┌──
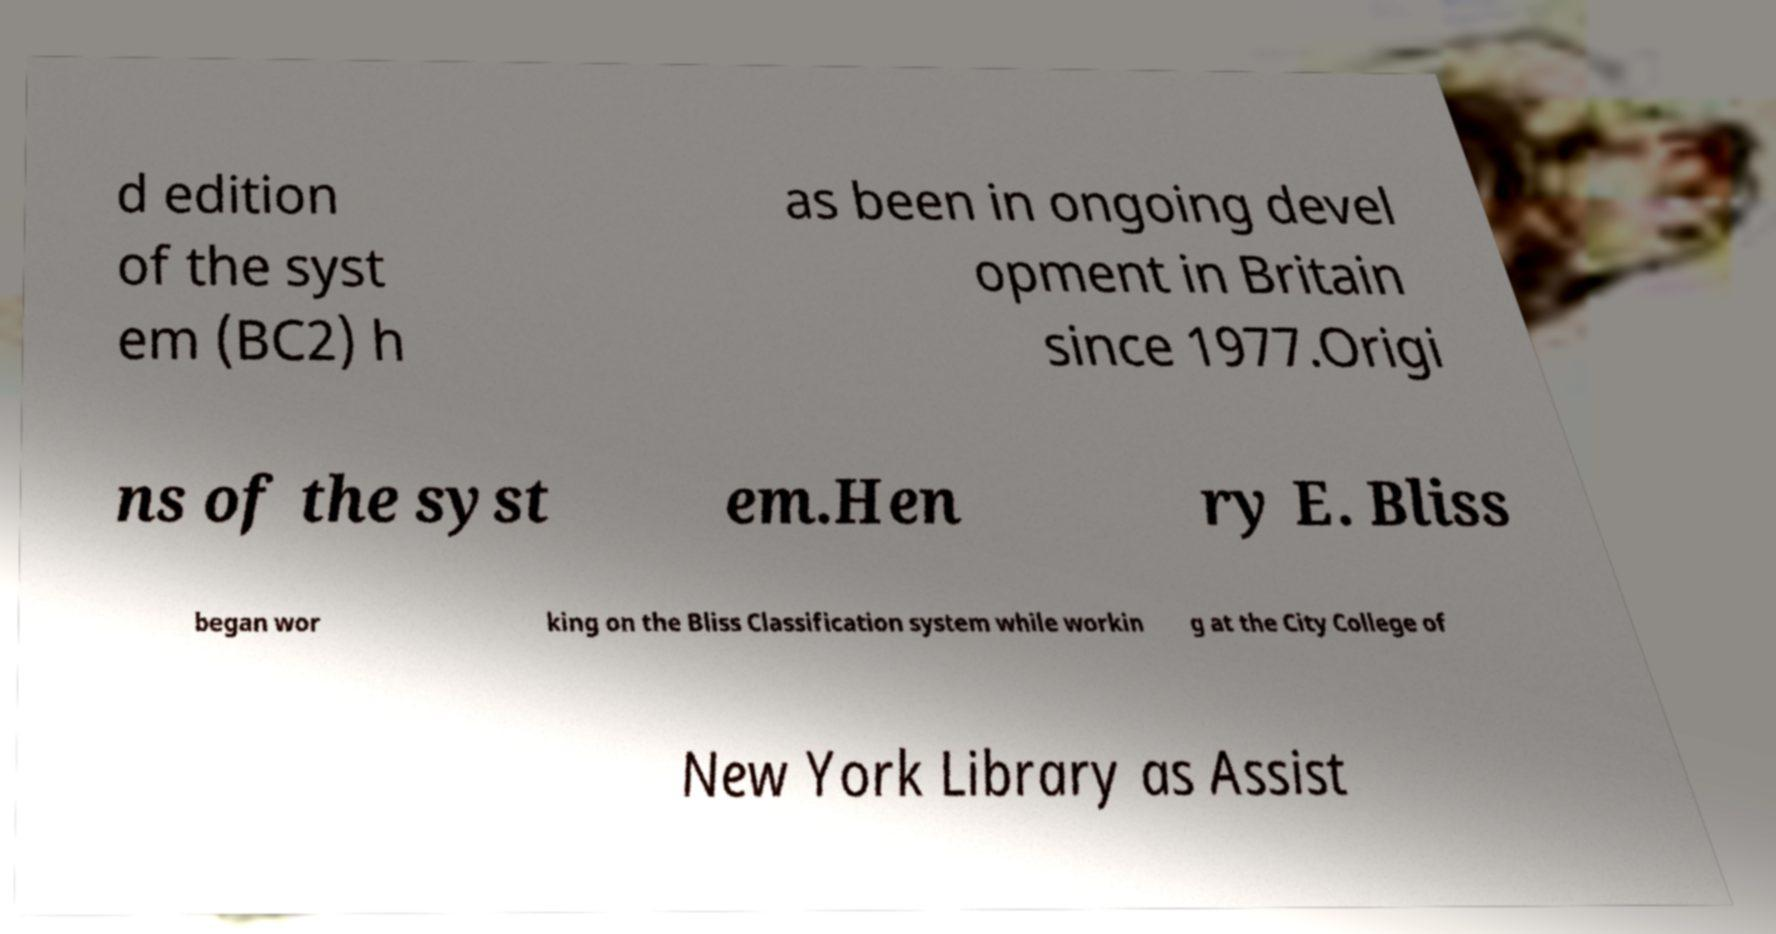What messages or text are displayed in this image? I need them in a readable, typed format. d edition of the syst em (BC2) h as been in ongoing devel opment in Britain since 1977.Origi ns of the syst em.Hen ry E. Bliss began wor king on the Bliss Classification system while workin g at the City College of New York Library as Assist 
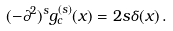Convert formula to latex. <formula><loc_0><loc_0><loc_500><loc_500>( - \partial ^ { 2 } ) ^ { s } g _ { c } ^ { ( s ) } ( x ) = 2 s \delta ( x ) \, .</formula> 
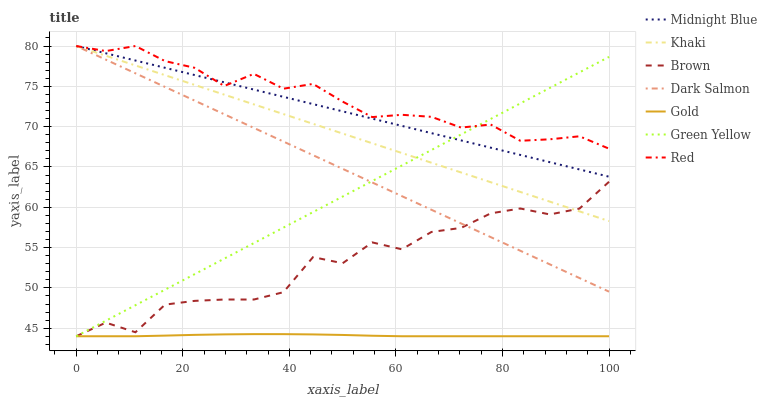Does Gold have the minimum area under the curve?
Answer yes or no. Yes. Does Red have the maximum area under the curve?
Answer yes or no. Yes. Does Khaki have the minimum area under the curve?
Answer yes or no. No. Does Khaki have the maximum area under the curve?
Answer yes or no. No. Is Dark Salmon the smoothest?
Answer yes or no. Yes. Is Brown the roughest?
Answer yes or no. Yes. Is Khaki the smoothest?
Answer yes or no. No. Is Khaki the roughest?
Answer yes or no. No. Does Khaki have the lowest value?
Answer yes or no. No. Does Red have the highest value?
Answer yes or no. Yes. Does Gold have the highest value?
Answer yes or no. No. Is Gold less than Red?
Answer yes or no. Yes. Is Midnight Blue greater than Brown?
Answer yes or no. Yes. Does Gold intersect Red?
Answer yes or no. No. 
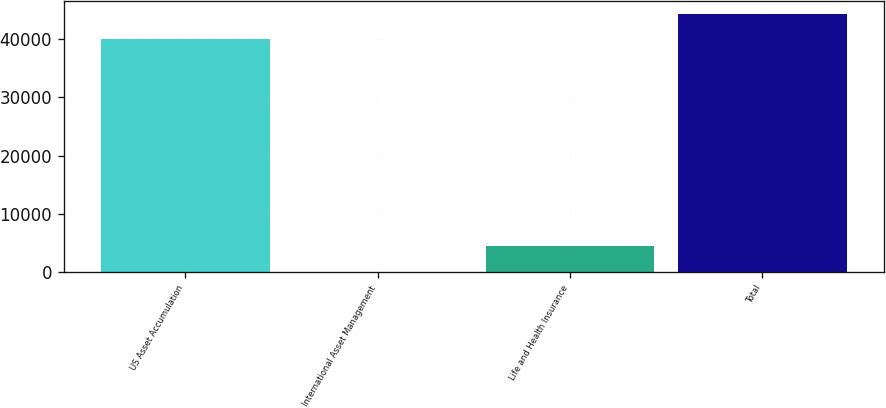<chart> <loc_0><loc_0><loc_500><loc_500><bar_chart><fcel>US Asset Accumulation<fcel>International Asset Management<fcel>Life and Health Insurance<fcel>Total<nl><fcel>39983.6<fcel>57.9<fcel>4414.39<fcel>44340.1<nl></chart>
└──
┌──
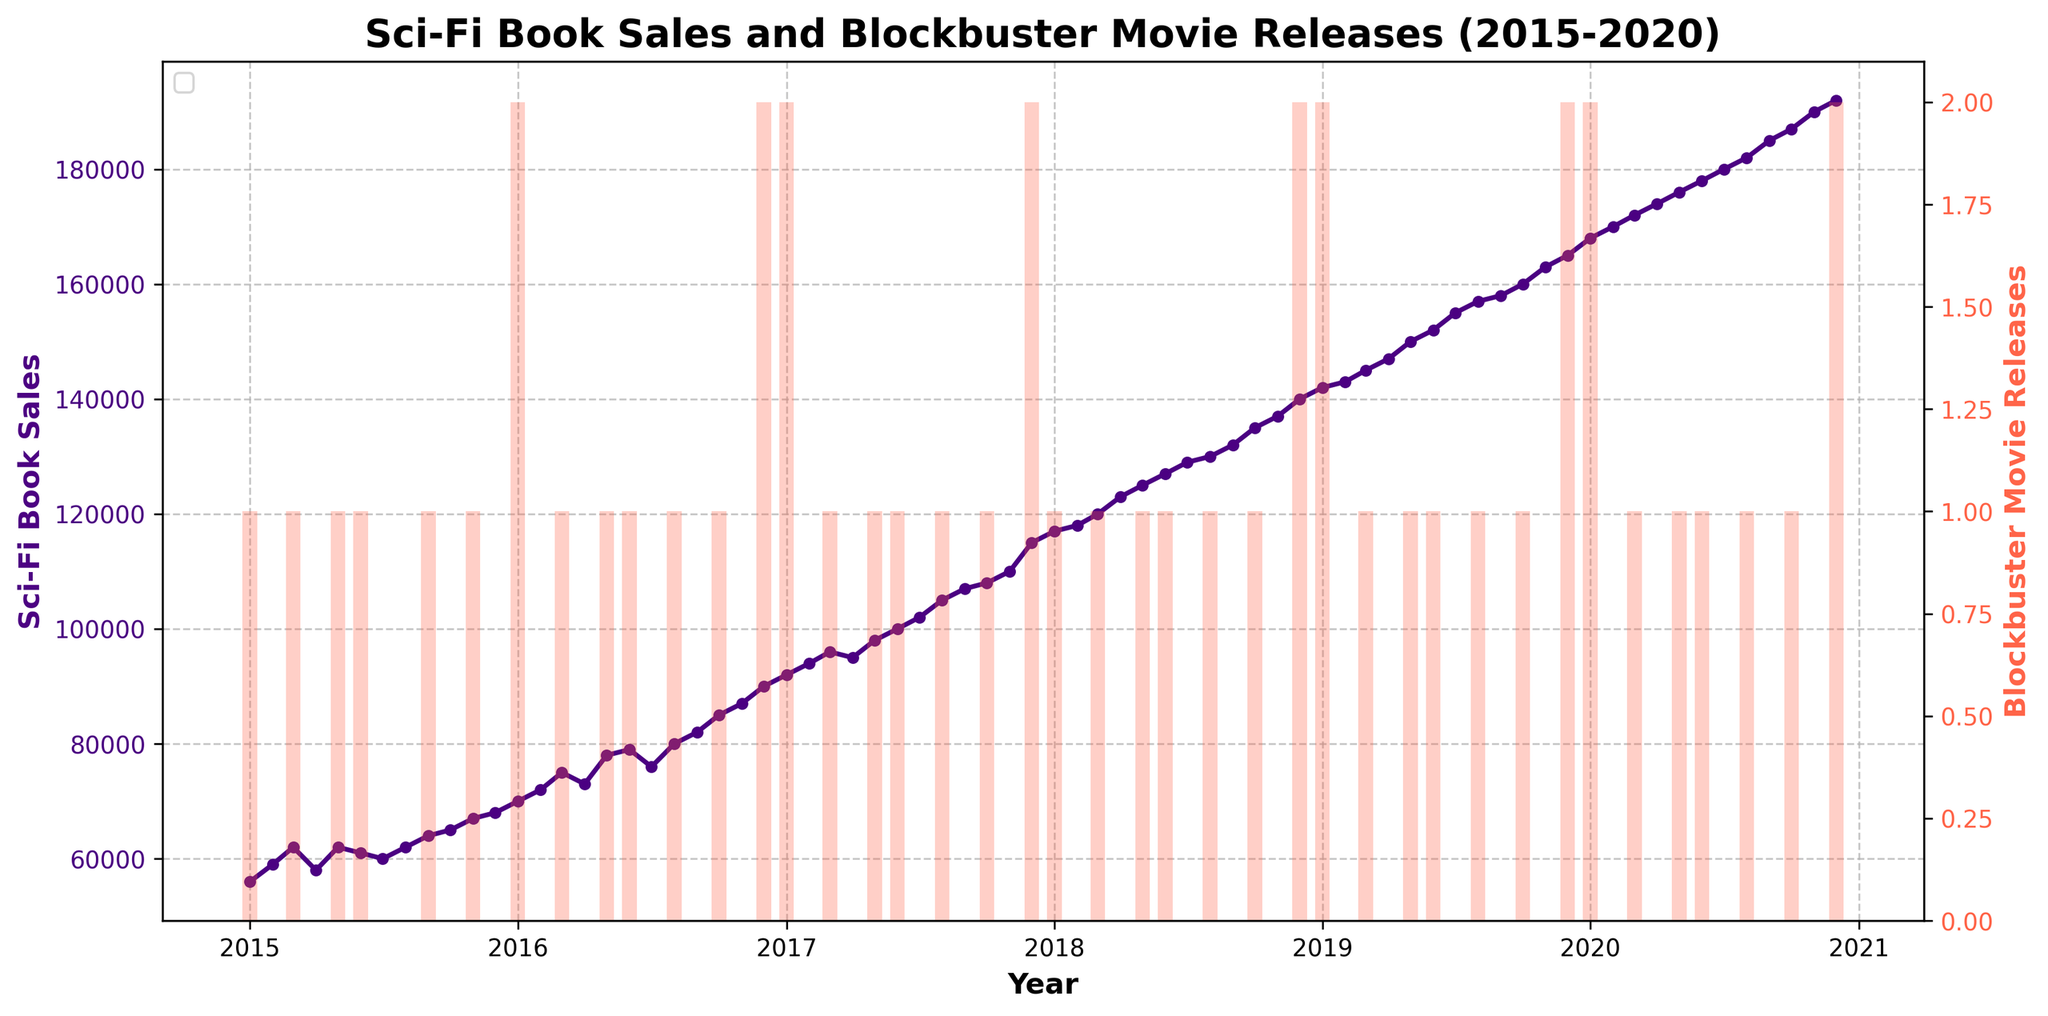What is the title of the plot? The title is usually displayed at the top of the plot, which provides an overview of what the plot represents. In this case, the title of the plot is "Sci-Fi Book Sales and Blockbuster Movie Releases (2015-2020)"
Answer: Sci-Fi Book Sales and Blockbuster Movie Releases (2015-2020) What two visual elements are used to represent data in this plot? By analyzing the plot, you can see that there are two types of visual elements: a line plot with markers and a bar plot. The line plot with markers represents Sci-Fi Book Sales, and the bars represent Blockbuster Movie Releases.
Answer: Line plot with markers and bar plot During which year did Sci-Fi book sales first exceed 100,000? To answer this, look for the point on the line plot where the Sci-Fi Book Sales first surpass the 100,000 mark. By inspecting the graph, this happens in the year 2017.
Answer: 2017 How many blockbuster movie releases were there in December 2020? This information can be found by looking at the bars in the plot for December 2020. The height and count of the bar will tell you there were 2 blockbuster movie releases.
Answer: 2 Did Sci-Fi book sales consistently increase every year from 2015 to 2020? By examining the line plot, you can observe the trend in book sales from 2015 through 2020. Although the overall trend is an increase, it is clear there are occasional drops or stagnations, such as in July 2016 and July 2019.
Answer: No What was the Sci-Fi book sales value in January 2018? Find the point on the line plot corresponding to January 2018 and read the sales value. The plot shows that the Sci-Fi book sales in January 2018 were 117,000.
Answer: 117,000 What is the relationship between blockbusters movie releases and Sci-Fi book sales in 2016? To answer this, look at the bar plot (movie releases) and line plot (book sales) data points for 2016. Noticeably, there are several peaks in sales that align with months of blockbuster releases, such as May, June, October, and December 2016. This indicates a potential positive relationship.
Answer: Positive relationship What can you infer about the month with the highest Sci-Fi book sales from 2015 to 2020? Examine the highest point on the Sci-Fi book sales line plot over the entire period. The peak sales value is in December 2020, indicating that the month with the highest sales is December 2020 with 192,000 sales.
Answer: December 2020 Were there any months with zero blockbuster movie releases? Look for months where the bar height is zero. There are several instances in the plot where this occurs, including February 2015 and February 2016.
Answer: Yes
└──
#### [PROMPT]
Using the listing above, reproduce word for word every line from the one containing "Answer yes or no. No. Is Khaki the roughest?" through the one containing "Asset Accumulation<fcel>International Asset". Pictures must be left out.

#### [ANSWER FOR THIS EXERCISE]
Answer yes or no. No. Is Khaki the roughest?
Answer yes or no. No. Does Khaki have the lowest value?
Answer yes or no. No. Does Red have the highest value?
Answer yes or no. Yes. Does Gold have the highest value?
Answer yes or no. No. Is Gold less than Red?
Answer yes or no. Yes. Is Midnight Blue greater than Brown?
Answer yes or no. Yes. Does Gold intersect Red?
Answer yes or no. No. 
<chart> <loc_0><loc_0><loc_500><loc_500><bar_chart><fcel>US Asset Accumulation<fcel>International Asset Management<fcel>Life and Health Insurance<fcel>Total<nl><fcel>39983.6<fcel>57.9<fcel>4414.39<fcel>44340.1<nl></chart>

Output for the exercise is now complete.